Required action>
What you return must match the listing below character for character, minus any pictures.

Data records>
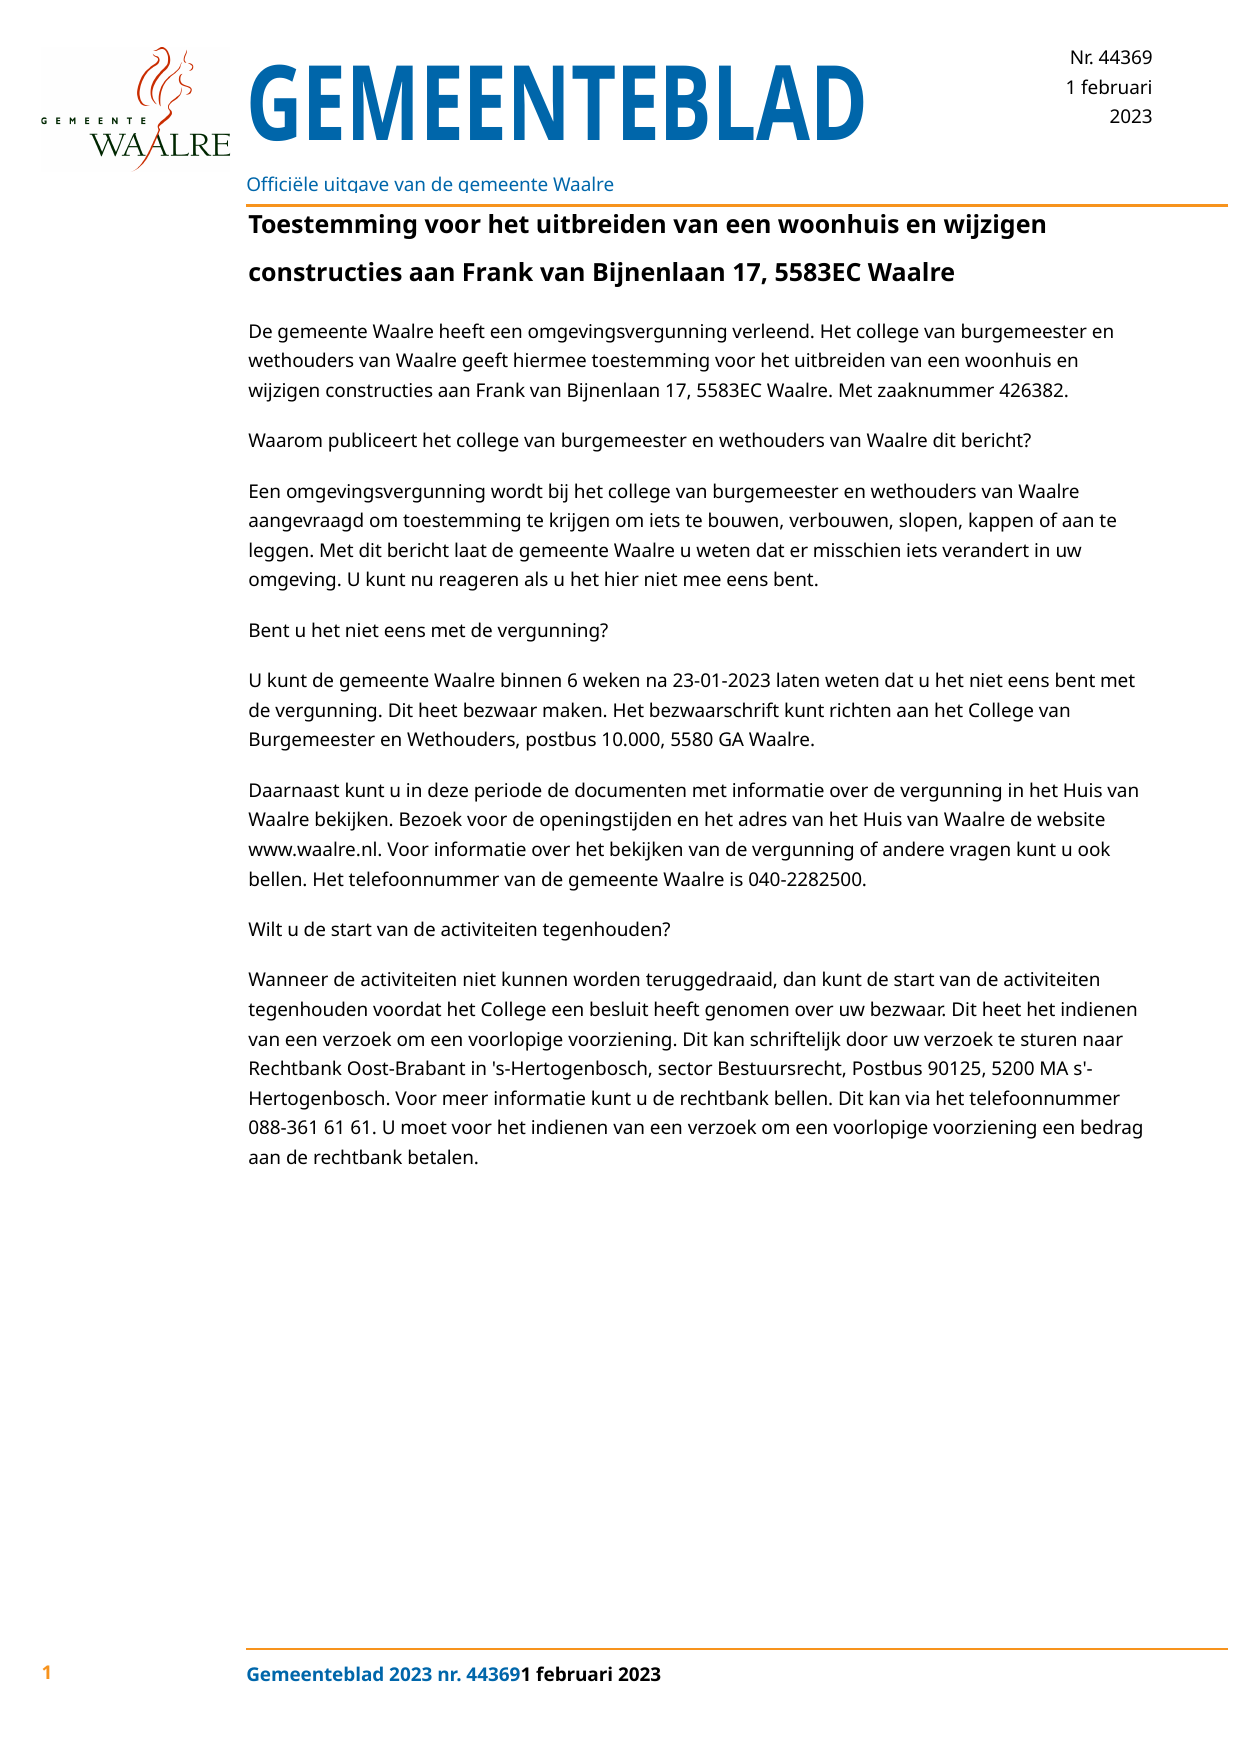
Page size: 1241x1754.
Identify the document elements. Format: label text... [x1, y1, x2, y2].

text Wanneer de activiteiten niet kunnen worden teruggedraaid, dan kunt de start van de activiteiten tegenhouden voordat het College een besluit heeft genomen over uw bezwaar. Dit heet het indienen van een verzoek om een voorlopige voorziening. Dit kan schriftelijk door uw verzoek te sturen naar Rechtbank Oost-Brabant in 's-Hertogenbosch, sector Bestuursrecht, Postbus 90125, 5200 MA s'-Hertogenbosch. Voor meer informatie kunt u de rechtbank bellen. Dit kan via het telefoonnummer 088-361 61 61. U moet voor het indienen van een verzoek om een voorlopige voorziening een bedrag aan de rechtbank betalen. [248, 967, 1152, 1170]
text De gemeente Waalre heeft een omgevingsvergunning verleend. Het college van burgemeester en wethouders van Waalre geeft hiermee toestemming voor het uitbreiden van een woonhuis en wijzigen constructies aan Frank van Bijnenlaan 17, 5583EC Waalre. Met zaaknummer 426382. [248, 318, 1152, 403]
text Bent u het niet eens met de vergunning? [248, 617, 1152, 643]
text U kunt de gemeente Waalre binnen 6 weken na 23-01-2023 laten weten dat u het niet eens bent met de vergunning. Dit heet bezwaar maken. Het bezwaarschrift kunt richten aan het College van Burgemeester en Wethouders, postbus 10.000, 5580 GA Waalre. [248, 667, 1152, 752]
text Wilt u de start van de activiteiten tegenhouden? [248, 916, 1152, 942]
text Daarnaast kunt u in deze periode de documenten met informatie over de vergunning in het Huis van Waalre bekijken. Bezoek voor de openingstijden en het adres van het Huis van Waalre de website www.waalre.nl. Voor informatie over het bekijken van de vergunning of andere vragen kunt u ook bellen. Het telefoonnummer van de gemeente Waalre is 040-2282500. [248, 777, 1152, 892]
text Een omgevingsvergunning wordt bij het college van burgemeester en wethouders van Waalre aangevraagd om toestemming te krijgen om iets te bouwen, verbouwen, slopen, kappen of aan te leggen. Met dit bericht laat de gemeente Waalre u weten dat er misschien iets verandert in uw omgeving. U kunt nu reageren als u het hier niet mee eens bent. [248, 478, 1152, 592]
picture [41, 47, 231, 172]
text Toestemming voor het uitbreiden van een woonhuis en wijzigen constructies aan Frank van Bijnenlaan 17, 5583EC Waalre [248, 207, 1152, 288]
text Waarom publiceert het college van burgemeester en wethouders van Waalre dit bericht? [248, 427, 1152, 453]

Your solution>
Page size: 1241x1754.
Identify the document elements. Format: label text... [x1, y1, x2, y2].

text Wanneer de activiteiten niet kunnen worden teruggedraaid, dan kunt de start van de activiteiten tegenhouden voordat het College een besluit heeft genomen over uw bezwaar. Dit heet het indienen van een verzoek om een voorlopige voorziening. Dit kan schriftelijk door uw verzoek te sturen naar Rechtbank Oost-Brabant in 's-Hertogenbosch, sector Bestuursrecht, Postbus 90125, 5200 MA s'-Hertogenbosch. Voor meer informatie kunt u de rechtbank bellen. Dit kan via het telefoonnummer 088-361 61 61. U moet voor het indienen van een verzoek om een voorlopige voorziening een bedrag aan de rechtbank betalen. [248, 967, 1152, 1170]
text De gemeente Waalre heeft een omgevingsvergunning verleend. Het college van burgemeester en wethouders van Waalre geeft hiermee toestemming voor het uitbreiden van een woonhuis en wijzigen constructies aan Frank van Bijnenlaan 17, 5583EC Waalre. Met zaaknummer 426382. [248, 318, 1152, 403]
text Bent u het niet eens met de vergunning? [248, 617, 1152, 643]
text U kunt de gemeente Waalre binnen 6 weken na 23-01-2023 laten weten dat u het niet eens bent met de vergunning. Dit heet bezwaar maken. Het bezwaarschrift kunt richten aan het College van Burgemeester en Wethouders, postbus 10.000, 5580 GA Waalre. [248, 667, 1152, 752]
text Wilt u de start van de activiteiten tegenhouden? [248, 916, 1152, 942]
text Daarnaast kunt u in deze periode de documenten met informatie over de vergunning in het Huis van Waalre bekijken. Bezoek voor de openingstijden en het adres van het Huis van Waalre de website www.waalre.nl. Voor informatie over het bekijken van de vergunning of andere vragen kunt u ook bellen. Het telefoonnummer van de gemeente Waalre is 040-2282500. [248, 777, 1152, 892]
text Een omgevingsvergunning wordt bij het college van burgemeester en wethouders van Waalre aangevraagd om toestemming te krijgen om iets te bouwen, verbouwen, slopen, kappen of aan te leggen. Met dit bericht laat de gemeente Waalre u weten dat er misschien iets verandert in uw omgeving. U kunt nu reageren als u het hier niet mee eens bent. [248, 478, 1152, 592]
picture [41, 47, 231, 172]
text Toestemming voor het uitbreiden van een woonhuis en wijzigen constructies aan Frank van Bijnenlaan 17, 5583EC Waalre [248, 207, 1152, 288]
text Waarom publiceert het college van burgemeester en wethouders van Waalre dit bericht? [248, 427, 1152, 453]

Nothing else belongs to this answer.